Updated On: 02 November, 2025 10:50 AM IST | Mumbai | Junisha Dama
Journalist Rahul Bhattacharya’s new novel, Railsong, tracks one woman’s life across rail lines to reflect India’s shifting soul

Author Rahul Bhattacharya at CST. His book follows the protagonist Charulata Chitol, for decades, starting from her stay at a railway colony in the late 1950s and ending in 1992
How many times have you been welcomed in an Indian city by a bird pooping on you? That’s how Rahul Bhattacharya’s heroine is welcomed in Mumbai at Victoria Terminus. In his latest book, Railsong, Bhattacharya takes you across different stories attached to the railway tracks, with hints of humour and realism. Set to release on November 4 in India, the book follows the protagonist Charulata Chitol or Charu, for decades, starting from a railway colony in the late 1950s and ending in 1992.
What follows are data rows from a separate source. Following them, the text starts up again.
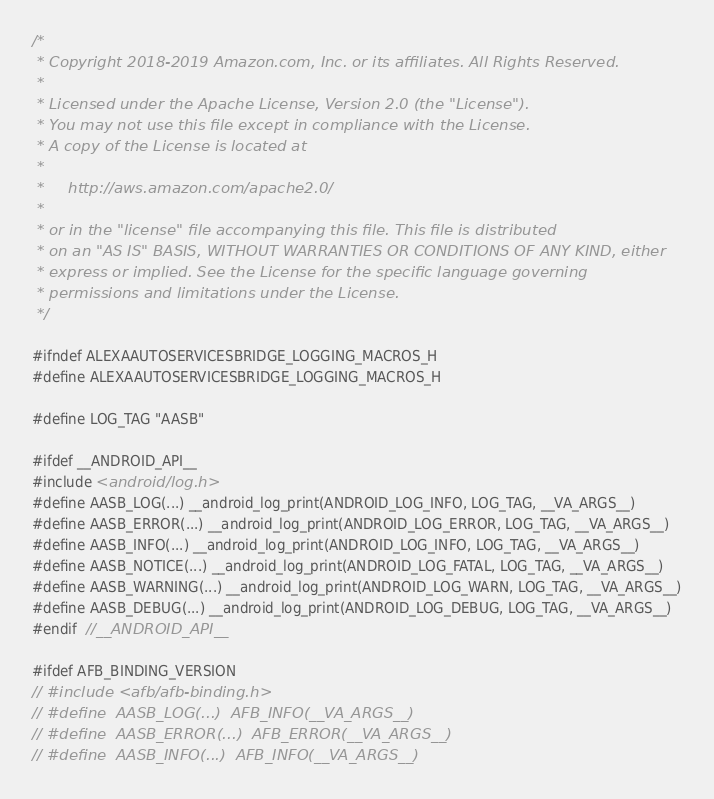Convert code to text. <code><loc_0><loc_0><loc_500><loc_500><_C_>/*
 * Copyright 2018-2019 Amazon.com, Inc. or its affiliates. All Rights Reserved.
 *
 * Licensed under the Apache License, Version 2.0 (the "License").
 * You may not use this file except in compliance with the License.
 * A copy of the License is located at
 *
 *     http://aws.amazon.com/apache2.0/
 *
 * or in the "license" file accompanying this file. This file is distributed
 * on an "AS IS" BASIS, WITHOUT WARRANTIES OR CONDITIONS OF ANY KIND, either
 * express or implied. See the License for the specific language governing
 * permissions and limitations under the License.
 */

#ifndef ALEXAAUTOSERVICESBRIDGE_LOGGING_MACROS_H
#define ALEXAAUTOSERVICESBRIDGE_LOGGING_MACROS_H

#define LOG_TAG "AASB"

#ifdef __ANDROID_API__
#include <android/log.h>
#define AASB_LOG(...) __android_log_print(ANDROID_LOG_INFO, LOG_TAG, __VA_ARGS__)
#define AASB_ERROR(...) __android_log_print(ANDROID_LOG_ERROR, LOG_TAG, __VA_ARGS__)
#define AASB_INFO(...) __android_log_print(ANDROID_LOG_INFO, LOG_TAG, __VA_ARGS__)
#define AASB_NOTICE(...) __android_log_print(ANDROID_LOG_FATAL, LOG_TAG, __VA_ARGS__)
#define AASB_WARNING(...) __android_log_print(ANDROID_LOG_WARN, LOG_TAG, __VA_ARGS__)
#define AASB_DEBUG(...) __android_log_print(ANDROID_LOG_DEBUG, LOG_TAG, __VA_ARGS__)
#endif  //__ANDROID_API__

#ifdef AFB_BINDING_VERSION
// #include <afb/afb-binding.h>
// #define  AASB_LOG(...)  AFB_INFO(__VA_ARGS__)
// #define  AASB_ERROR(...)  AFB_ERROR(__VA_ARGS__)
// #define  AASB_INFO(...)  AFB_INFO(__VA_ARGS__)</code>

Charu’s story only truly begins when she runs away from a railway township and steps out of Victoria Terminus into Mumbai’s chaos, only to have a pigeon poop on her head. It’s a scene as ordinary as it is cinematic. “I walked that route,” says Bhattacharya, whose other books include Pundits from Pakistan and The Sly Company of People Who Care. “I tried to imagine her coming out of the train, and how she must have felt entering the city, emerging at Victoria Terminus, which is the outside shot you always see first of Bombay in films. But this is from the inside, a character actually making that journey in an unreserved compartment.”